** Opening Record excerpts block **
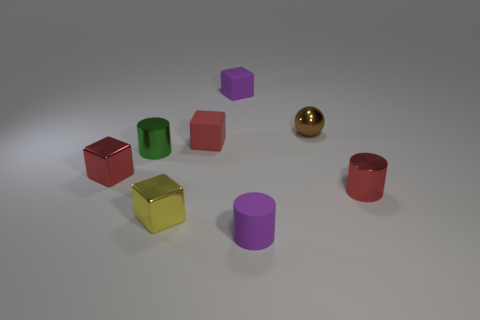Add 2 large brown matte cylinders. How many objects exist? 10 Subtract all cylinders. How many objects are left? 5 Subtract all red shiny cubes. Subtract all brown metallic spheres. How many objects are left? 6 Add 5 small brown metallic spheres. How many small brown metallic spheres are left? 6 Add 7 big red shiny cylinders. How many big red shiny cylinders exist? 7 Subtract 0 brown cylinders. How many objects are left? 8 
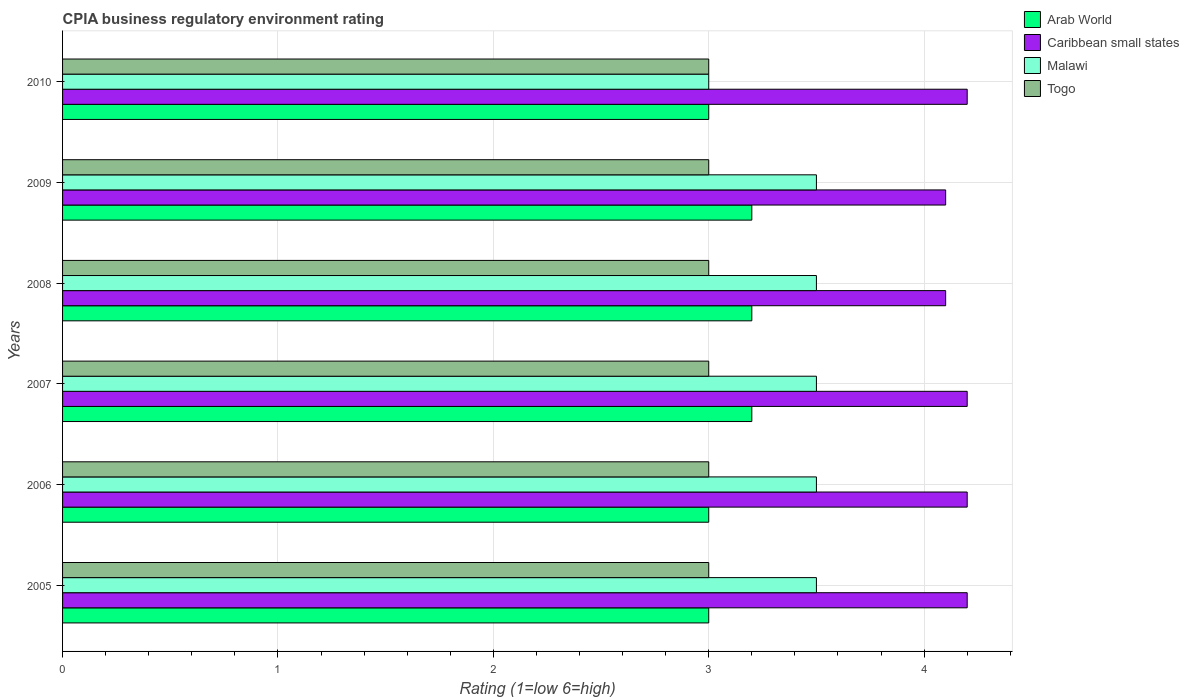How many groups of bars are there?
Ensure brevity in your answer.  6. Are the number of bars per tick equal to the number of legend labels?
Your answer should be compact. Yes. Are the number of bars on each tick of the Y-axis equal?
Give a very brief answer. Yes. How many bars are there on the 6th tick from the top?
Make the answer very short. 4. What is the label of the 4th group of bars from the top?
Give a very brief answer. 2007. In how many cases, is the number of bars for a given year not equal to the number of legend labels?
Keep it short and to the point. 0. Across all years, what is the maximum CPIA rating in Togo?
Offer a very short reply. 3. In which year was the CPIA rating in Caribbean small states maximum?
Make the answer very short. 2005. What is the total CPIA rating in Arab World in the graph?
Make the answer very short. 18.6. What is the difference between the CPIA rating in Togo in 2005 and that in 2006?
Offer a very short reply. 0. What is the average CPIA rating in Togo per year?
Your response must be concise. 3. In the year 2007, what is the difference between the CPIA rating in Malawi and CPIA rating in Caribbean small states?
Ensure brevity in your answer.  -0.7. What is the ratio of the CPIA rating in Caribbean small states in 2005 to that in 2009?
Ensure brevity in your answer.  1.02. Is the CPIA rating in Togo in 2007 less than that in 2009?
Your answer should be very brief. No. Is the difference between the CPIA rating in Malawi in 2005 and 2006 greater than the difference between the CPIA rating in Caribbean small states in 2005 and 2006?
Provide a short and direct response. No. What is the difference between the highest and the lowest CPIA rating in Malawi?
Offer a very short reply. 0.5. In how many years, is the CPIA rating in Malawi greater than the average CPIA rating in Malawi taken over all years?
Keep it short and to the point. 5. What does the 4th bar from the top in 2006 represents?
Keep it short and to the point. Arab World. What does the 1st bar from the bottom in 2005 represents?
Provide a succinct answer. Arab World. Is it the case that in every year, the sum of the CPIA rating in Arab World and CPIA rating in Caribbean small states is greater than the CPIA rating in Togo?
Ensure brevity in your answer.  Yes. Are all the bars in the graph horizontal?
Give a very brief answer. Yes. How many years are there in the graph?
Provide a short and direct response. 6. Does the graph contain any zero values?
Offer a terse response. No. Does the graph contain grids?
Your response must be concise. Yes. How are the legend labels stacked?
Ensure brevity in your answer.  Vertical. What is the title of the graph?
Your answer should be compact. CPIA business regulatory environment rating. What is the label or title of the Y-axis?
Your answer should be very brief. Years. What is the Rating (1=low 6=high) in Arab World in 2005?
Make the answer very short. 3. What is the Rating (1=low 6=high) of Caribbean small states in 2005?
Your response must be concise. 4.2. What is the Rating (1=low 6=high) of Malawi in 2005?
Provide a succinct answer. 3.5. What is the Rating (1=low 6=high) of Togo in 2005?
Your response must be concise. 3. What is the Rating (1=low 6=high) in Arab World in 2006?
Provide a succinct answer. 3. What is the Rating (1=low 6=high) in Caribbean small states in 2006?
Make the answer very short. 4.2. What is the Rating (1=low 6=high) in Malawi in 2006?
Offer a very short reply. 3.5. What is the Rating (1=low 6=high) of Togo in 2006?
Offer a very short reply. 3. What is the Rating (1=low 6=high) in Arab World in 2007?
Keep it short and to the point. 3.2. What is the Rating (1=low 6=high) of Caribbean small states in 2007?
Offer a very short reply. 4.2. What is the Rating (1=low 6=high) of Malawi in 2007?
Provide a succinct answer. 3.5. What is the Rating (1=low 6=high) of Togo in 2007?
Keep it short and to the point. 3. What is the Rating (1=low 6=high) of Caribbean small states in 2008?
Give a very brief answer. 4.1. What is the Rating (1=low 6=high) in Togo in 2008?
Give a very brief answer. 3. What is the Rating (1=low 6=high) in Arab World in 2009?
Your answer should be compact. 3.2. What is the Rating (1=low 6=high) in Caribbean small states in 2009?
Provide a short and direct response. 4.1. What is the Rating (1=low 6=high) of Malawi in 2009?
Your answer should be compact. 3.5. What is the Rating (1=low 6=high) in Togo in 2009?
Provide a succinct answer. 3. What is the Rating (1=low 6=high) of Malawi in 2010?
Offer a terse response. 3. What is the Rating (1=low 6=high) of Togo in 2010?
Offer a terse response. 3. Across all years, what is the maximum Rating (1=low 6=high) in Arab World?
Your answer should be compact. 3.2. Across all years, what is the maximum Rating (1=low 6=high) of Caribbean small states?
Offer a very short reply. 4.2. Across all years, what is the minimum Rating (1=low 6=high) in Arab World?
Ensure brevity in your answer.  3. Across all years, what is the minimum Rating (1=low 6=high) in Togo?
Provide a short and direct response. 3. What is the total Rating (1=low 6=high) in Malawi in the graph?
Provide a succinct answer. 20.5. What is the difference between the Rating (1=low 6=high) of Arab World in 2005 and that in 2006?
Give a very brief answer. 0. What is the difference between the Rating (1=low 6=high) of Malawi in 2005 and that in 2006?
Your response must be concise. 0. What is the difference between the Rating (1=low 6=high) in Togo in 2005 and that in 2006?
Ensure brevity in your answer.  0. What is the difference between the Rating (1=low 6=high) of Arab World in 2005 and that in 2007?
Provide a short and direct response. -0.2. What is the difference between the Rating (1=low 6=high) of Togo in 2005 and that in 2007?
Your answer should be compact. 0. What is the difference between the Rating (1=low 6=high) of Arab World in 2005 and that in 2008?
Keep it short and to the point. -0.2. What is the difference between the Rating (1=low 6=high) in Caribbean small states in 2005 and that in 2008?
Your answer should be compact. 0.1. What is the difference between the Rating (1=low 6=high) in Caribbean small states in 2005 and that in 2009?
Your answer should be compact. 0.1. What is the difference between the Rating (1=low 6=high) in Togo in 2005 and that in 2009?
Your answer should be compact. 0. What is the difference between the Rating (1=low 6=high) in Malawi in 2005 and that in 2010?
Your answer should be very brief. 0.5. What is the difference between the Rating (1=low 6=high) in Togo in 2005 and that in 2010?
Ensure brevity in your answer.  0. What is the difference between the Rating (1=low 6=high) in Arab World in 2006 and that in 2007?
Provide a succinct answer. -0.2. What is the difference between the Rating (1=low 6=high) in Caribbean small states in 2006 and that in 2007?
Provide a short and direct response. 0. What is the difference between the Rating (1=low 6=high) in Malawi in 2006 and that in 2007?
Your answer should be very brief. 0. What is the difference between the Rating (1=low 6=high) in Caribbean small states in 2006 and that in 2008?
Your response must be concise. 0.1. What is the difference between the Rating (1=low 6=high) in Malawi in 2006 and that in 2008?
Ensure brevity in your answer.  0. What is the difference between the Rating (1=low 6=high) in Caribbean small states in 2006 and that in 2009?
Your answer should be compact. 0.1. What is the difference between the Rating (1=low 6=high) of Arab World in 2006 and that in 2010?
Ensure brevity in your answer.  0. What is the difference between the Rating (1=low 6=high) in Malawi in 2006 and that in 2010?
Your answer should be compact. 0.5. What is the difference between the Rating (1=low 6=high) of Caribbean small states in 2007 and that in 2008?
Ensure brevity in your answer.  0.1. What is the difference between the Rating (1=low 6=high) of Malawi in 2007 and that in 2008?
Your answer should be very brief. 0. What is the difference between the Rating (1=low 6=high) of Arab World in 2007 and that in 2010?
Your response must be concise. 0.2. What is the difference between the Rating (1=low 6=high) of Caribbean small states in 2007 and that in 2010?
Provide a short and direct response. 0. What is the difference between the Rating (1=low 6=high) in Malawi in 2007 and that in 2010?
Your answer should be very brief. 0.5. What is the difference between the Rating (1=low 6=high) in Caribbean small states in 2008 and that in 2009?
Give a very brief answer. 0. What is the difference between the Rating (1=low 6=high) of Togo in 2008 and that in 2009?
Your answer should be very brief. 0. What is the difference between the Rating (1=low 6=high) in Caribbean small states in 2008 and that in 2010?
Your response must be concise. -0.1. What is the difference between the Rating (1=low 6=high) of Arab World in 2009 and that in 2010?
Your response must be concise. 0.2. What is the difference between the Rating (1=low 6=high) in Arab World in 2005 and the Rating (1=low 6=high) in Malawi in 2006?
Offer a very short reply. -0.5. What is the difference between the Rating (1=low 6=high) of Caribbean small states in 2005 and the Rating (1=low 6=high) of Togo in 2006?
Offer a very short reply. 1.2. What is the difference between the Rating (1=low 6=high) in Arab World in 2005 and the Rating (1=low 6=high) in Malawi in 2007?
Give a very brief answer. -0.5. What is the difference between the Rating (1=low 6=high) in Arab World in 2005 and the Rating (1=low 6=high) in Togo in 2007?
Give a very brief answer. 0. What is the difference between the Rating (1=low 6=high) in Caribbean small states in 2005 and the Rating (1=low 6=high) in Malawi in 2007?
Keep it short and to the point. 0.7. What is the difference between the Rating (1=low 6=high) in Malawi in 2005 and the Rating (1=low 6=high) in Togo in 2007?
Provide a succinct answer. 0.5. What is the difference between the Rating (1=low 6=high) of Arab World in 2005 and the Rating (1=low 6=high) of Caribbean small states in 2008?
Offer a terse response. -1.1. What is the difference between the Rating (1=low 6=high) in Arab World in 2005 and the Rating (1=low 6=high) in Malawi in 2008?
Make the answer very short. -0.5. What is the difference between the Rating (1=low 6=high) of Caribbean small states in 2005 and the Rating (1=low 6=high) of Togo in 2008?
Make the answer very short. 1.2. What is the difference between the Rating (1=low 6=high) of Arab World in 2005 and the Rating (1=low 6=high) of Caribbean small states in 2009?
Keep it short and to the point. -1.1. What is the difference between the Rating (1=low 6=high) in Arab World in 2005 and the Rating (1=low 6=high) in Malawi in 2009?
Your answer should be very brief. -0.5. What is the difference between the Rating (1=low 6=high) in Arab World in 2005 and the Rating (1=low 6=high) in Togo in 2009?
Your answer should be compact. 0. What is the difference between the Rating (1=low 6=high) in Caribbean small states in 2005 and the Rating (1=low 6=high) in Togo in 2009?
Ensure brevity in your answer.  1.2. What is the difference between the Rating (1=low 6=high) of Malawi in 2005 and the Rating (1=low 6=high) of Togo in 2009?
Make the answer very short. 0.5. What is the difference between the Rating (1=low 6=high) of Arab World in 2005 and the Rating (1=low 6=high) of Malawi in 2010?
Offer a terse response. 0. What is the difference between the Rating (1=low 6=high) of Caribbean small states in 2005 and the Rating (1=low 6=high) of Togo in 2010?
Provide a short and direct response. 1.2. What is the difference between the Rating (1=low 6=high) of Arab World in 2006 and the Rating (1=low 6=high) of Malawi in 2007?
Offer a very short reply. -0.5. What is the difference between the Rating (1=low 6=high) of Arab World in 2006 and the Rating (1=low 6=high) of Togo in 2007?
Provide a succinct answer. 0. What is the difference between the Rating (1=low 6=high) in Caribbean small states in 2006 and the Rating (1=low 6=high) in Togo in 2007?
Provide a short and direct response. 1.2. What is the difference between the Rating (1=low 6=high) in Malawi in 2006 and the Rating (1=low 6=high) in Togo in 2007?
Provide a succinct answer. 0.5. What is the difference between the Rating (1=low 6=high) in Malawi in 2006 and the Rating (1=low 6=high) in Togo in 2008?
Give a very brief answer. 0.5. What is the difference between the Rating (1=low 6=high) in Arab World in 2006 and the Rating (1=low 6=high) in Togo in 2009?
Make the answer very short. 0. What is the difference between the Rating (1=low 6=high) of Caribbean small states in 2006 and the Rating (1=low 6=high) of Malawi in 2009?
Ensure brevity in your answer.  0.7. What is the difference between the Rating (1=low 6=high) in Caribbean small states in 2006 and the Rating (1=low 6=high) in Togo in 2009?
Give a very brief answer. 1.2. What is the difference between the Rating (1=low 6=high) of Malawi in 2006 and the Rating (1=low 6=high) of Togo in 2009?
Give a very brief answer. 0.5. What is the difference between the Rating (1=low 6=high) in Malawi in 2006 and the Rating (1=low 6=high) in Togo in 2010?
Ensure brevity in your answer.  0.5. What is the difference between the Rating (1=low 6=high) in Arab World in 2007 and the Rating (1=low 6=high) in Caribbean small states in 2008?
Keep it short and to the point. -0.9. What is the difference between the Rating (1=low 6=high) in Arab World in 2007 and the Rating (1=low 6=high) in Togo in 2008?
Keep it short and to the point. 0.2. What is the difference between the Rating (1=low 6=high) in Caribbean small states in 2007 and the Rating (1=low 6=high) in Malawi in 2008?
Your answer should be compact. 0.7. What is the difference between the Rating (1=low 6=high) in Caribbean small states in 2007 and the Rating (1=low 6=high) in Togo in 2008?
Ensure brevity in your answer.  1.2. What is the difference between the Rating (1=low 6=high) in Malawi in 2007 and the Rating (1=low 6=high) in Togo in 2008?
Your answer should be compact. 0.5. What is the difference between the Rating (1=low 6=high) of Arab World in 2007 and the Rating (1=low 6=high) of Caribbean small states in 2009?
Keep it short and to the point. -0.9. What is the difference between the Rating (1=low 6=high) in Arab World in 2007 and the Rating (1=low 6=high) in Malawi in 2009?
Your response must be concise. -0.3. What is the difference between the Rating (1=low 6=high) of Arab World in 2007 and the Rating (1=low 6=high) of Togo in 2009?
Give a very brief answer. 0.2. What is the difference between the Rating (1=low 6=high) in Arab World in 2007 and the Rating (1=low 6=high) in Togo in 2010?
Your answer should be compact. 0.2. What is the difference between the Rating (1=low 6=high) of Malawi in 2007 and the Rating (1=low 6=high) of Togo in 2010?
Keep it short and to the point. 0.5. What is the difference between the Rating (1=low 6=high) of Caribbean small states in 2008 and the Rating (1=low 6=high) of Togo in 2009?
Ensure brevity in your answer.  1.1. What is the difference between the Rating (1=low 6=high) in Arab World in 2008 and the Rating (1=low 6=high) in Malawi in 2010?
Your answer should be very brief. 0.2. What is the difference between the Rating (1=low 6=high) of Caribbean small states in 2008 and the Rating (1=low 6=high) of Togo in 2010?
Make the answer very short. 1.1. What is the difference between the Rating (1=low 6=high) of Malawi in 2008 and the Rating (1=low 6=high) of Togo in 2010?
Provide a short and direct response. 0.5. What is the difference between the Rating (1=low 6=high) in Arab World in 2009 and the Rating (1=low 6=high) in Caribbean small states in 2010?
Provide a succinct answer. -1. What is the difference between the Rating (1=low 6=high) of Arab World in 2009 and the Rating (1=low 6=high) of Togo in 2010?
Keep it short and to the point. 0.2. What is the difference between the Rating (1=low 6=high) in Caribbean small states in 2009 and the Rating (1=low 6=high) in Malawi in 2010?
Your response must be concise. 1.1. What is the average Rating (1=low 6=high) of Arab World per year?
Your answer should be compact. 3.1. What is the average Rating (1=low 6=high) of Caribbean small states per year?
Offer a terse response. 4.17. What is the average Rating (1=low 6=high) in Malawi per year?
Give a very brief answer. 3.42. In the year 2005, what is the difference between the Rating (1=low 6=high) of Arab World and Rating (1=low 6=high) of Caribbean small states?
Your answer should be compact. -1.2. In the year 2005, what is the difference between the Rating (1=low 6=high) in Arab World and Rating (1=low 6=high) in Togo?
Your answer should be compact. 0. In the year 2005, what is the difference between the Rating (1=low 6=high) of Caribbean small states and Rating (1=low 6=high) of Togo?
Your answer should be very brief. 1.2. In the year 2005, what is the difference between the Rating (1=low 6=high) in Malawi and Rating (1=low 6=high) in Togo?
Your answer should be compact. 0.5. In the year 2006, what is the difference between the Rating (1=low 6=high) of Arab World and Rating (1=low 6=high) of Malawi?
Your answer should be compact. -0.5. In the year 2006, what is the difference between the Rating (1=low 6=high) of Arab World and Rating (1=low 6=high) of Togo?
Ensure brevity in your answer.  0. In the year 2006, what is the difference between the Rating (1=low 6=high) of Caribbean small states and Rating (1=low 6=high) of Togo?
Offer a terse response. 1.2. In the year 2007, what is the difference between the Rating (1=low 6=high) of Arab World and Rating (1=low 6=high) of Caribbean small states?
Keep it short and to the point. -1. In the year 2007, what is the difference between the Rating (1=low 6=high) in Caribbean small states and Rating (1=low 6=high) in Malawi?
Offer a very short reply. 0.7. In the year 2007, what is the difference between the Rating (1=low 6=high) in Caribbean small states and Rating (1=low 6=high) in Togo?
Make the answer very short. 1.2. In the year 2007, what is the difference between the Rating (1=low 6=high) in Malawi and Rating (1=low 6=high) in Togo?
Make the answer very short. 0.5. In the year 2008, what is the difference between the Rating (1=low 6=high) of Arab World and Rating (1=low 6=high) of Caribbean small states?
Offer a very short reply. -0.9. In the year 2008, what is the difference between the Rating (1=low 6=high) of Arab World and Rating (1=low 6=high) of Togo?
Give a very brief answer. 0.2. In the year 2008, what is the difference between the Rating (1=low 6=high) of Caribbean small states and Rating (1=low 6=high) of Malawi?
Provide a short and direct response. 0.6. In the year 2008, what is the difference between the Rating (1=low 6=high) in Caribbean small states and Rating (1=low 6=high) in Togo?
Offer a very short reply. 1.1. In the year 2009, what is the difference between the Rating (1=low 6=high) of Arab World and Rating (1=low 6=high) of Caribbean small states?
Ensure brevity in your answer.  -0.9. In the year 2009, what is the difference between the Rating (1=low 6=high) in Caribbean small states and Rating (1=low 6=high) in Malawi?
Your answer should be very brief. 0.6. In the year 2009, what is the difference between the Rating (1=low 6=high) of Caribbean small states and Rating (1=low 6=high) of Togo?
Offer a very short reply. 1.1. In the year 2009, what is the difference between the Rating (1=low 6=high) in Malawi and Rating (1=low 6=high) in Togo?
Ensure brevity in your answer.  0.5. In the year 2010, what is the difference between the Rating (1=low 6=high) of Caribbean small states and Rating (1=low 6=high) of Malawi?
Ensure brevity in your answer.  1.2. In the year 2010, what is the difference between the Rating (1=low 6=high) of Caribbean small states and Rating (1=low 6=high) of Togo?
Make the answer very short. 1.2. In the year 2010, what is the difference between the Rating (1=low 6=high) of Malawi and Rating (1=low 6=high) of Togo?
Your answer should be compact. 0. What is the ratio of the Rating (1=low 6=high) in Caribbean small states in 2005 to that in 2007?
Offer a very short reply. 1. What is the ratio of the Rating (1=low 6=high) of Caribbean small states in 2005 to that in 2008?
Provide a short and direct response. 1.02. What is the ratio of the Rating (1=low 6=high) in Malawi in 2005 to that in 2008?
Your response must be concise. 1. What is the ratio of the Rating (1=low 6=high) of Caribbean small states in 2005 to that in 2009?
Offer a terse response. 1.02. What is the ratio of the Rating (1=low 6=high) of Togo in 2005 to that in 2009?
Make the answer very short. 1. What is the ratio of the Rating (1=low 6=high) in Arab World in 2005 to that in 2010?
Offer a terse response. 1. What is the ratio of the Rating (1=low 6=high) in Caribbean small states in 2005 to that in 2010?
Your response must be concise. 1. What is the ratio of the Rating (1=low 6=high) of Togo in 2005 to that in 2010?
Offer a very short reply. 1. What is the ratio of the Rating (1=low 6=high) of Arab World in 2006 to that in 2007?
Your answer should be very brief. 0.94. What is the ratio of the Rating (1=low 6=high) of Togo in 2006 to that in 2007?
Give a very brief answer. 1. What is the ratio of the Rating (1=low 6=high) of Arab World in 2006 to that in 2008?
Your answer should be very brief. 0.94. What is the ratio of the Rating (1=low 6=high) of Caribbean small states in 2006 to that in 2008?
Provide a short and direct response. 1.02. What is the ratio of the Rating (1=low 6=high) of Malawi in 2006 to that in 2008?
Offer a terse response. 1. What is the ratio of the Rating (1=low 6=high) of Caribbean small states in 2006 to that in 2009?
Offer a terse response. 1.02. What is the ratio of the Rating (1=low 6=high) in Malawi in 2006 to that in 2009?
Offer a terse response. 1. What is the ratio of the Rating (1=low 6=high) in Arab World in 2006 to that in 2010?
Keep it short and to the point. 1. What is the ratio of the Rating (1=low 6=high) in Malawi in 2006 to that in 2010?
Ensure brevity in your answer.  1.17. What is the ratio of the Rating (1=low 6=high) of Arab World in 2007 to that in 2008?
Ensure brevity in your answer.  1. What is the ratio of the Rating (1=low 6=high) in Caribbean small states in 2007 to that in 2008?
Give a very brief answer. 1.02. What is the ratio of the Rating (1=low 6=high) in Arab World in 2007 to that in 2009?
Offer a very short reply. 1. What is the ratio of the Rating (1=low 6=high) in Caribbean small states in 2007 to that in 2009?
Make the answer very short. 1.02. What is the ratio of the Rating (1=low 6=high) of Arab World in 2007 to that in 2010?
Your answer should be compact. 1.07. What is the ratio of the Rating (1=low 6=high) of Togo in 2007 to that in 2010?
Provide a succinct answer. 1. What is the ratio of the Rating (1=low 6=high) in Caribbean small states in 2008 to that in 2009?
Make the answer very short. 1. What is the ratio of the Rating (1=low 6=high) of Malawi in 2008 to that in 2009?
Ensure brevity in your answer.  1. What is the ratio of the Rating (1=low 6=high) in Arab World in 2008 to that in 2010?
Keep it short and to the point. 1.07. What is the ratio of the Rating (1=low 6=high) of Caribbean small states in 2008 to that in 2010?
Make the answer very short. 0.98. What is the ratio of the Rating (1=low 6=high) of Togo in 2008 to that in 2010?
Offer a terse response. 1. What is the ratio of the Rating (1=low 6=high) in Arab World in 2009 to that in 2010?
Keep it short and to the point. 1.07. What is the ratio of the Rating (1=low 6=high) of Caribbean small states in 2009 to that in 2010?
Ensure brevity in your answer.  0.98. What is the ratio of the Rating (1=low 6=high) in Togo in 2009 to that in 2010?
Ensure brevity in your answer.  1. What is the difference between the highest and the second highest Rating (1=low 6=high) in Arab World?
Keep it short and to the point. 0. What is the difference between the highest and the lowest Rating (1=low 6=high) of Caribbean small states?
Your answer should be compact. 0.1. What is the difference between the highest and the lowest Rating (1=low 6=high) in Togo?
Ensure brevity in your answer.  0.
** Closing Record excerpts block **
What to produce
Scan the entries above for the line containing "Make the answer very short. 1.1.", and copy it and all lines after it exactly, down to and including the line containing "Provide a short and direct response. 0.5.".

Written response
Make the answer very short. 1.1. What is the difference between the Rating (1=low 6=high) of Malawi in 2008 and the Rating (1=low 6=high) of Togo in 2010?
Provide a short and direct response. 0.5. What is the difference between the Rating (1=low 6=high) in Arab World in 2009 and the Rating (1=low 6=high) in Caribbean small states in 2010?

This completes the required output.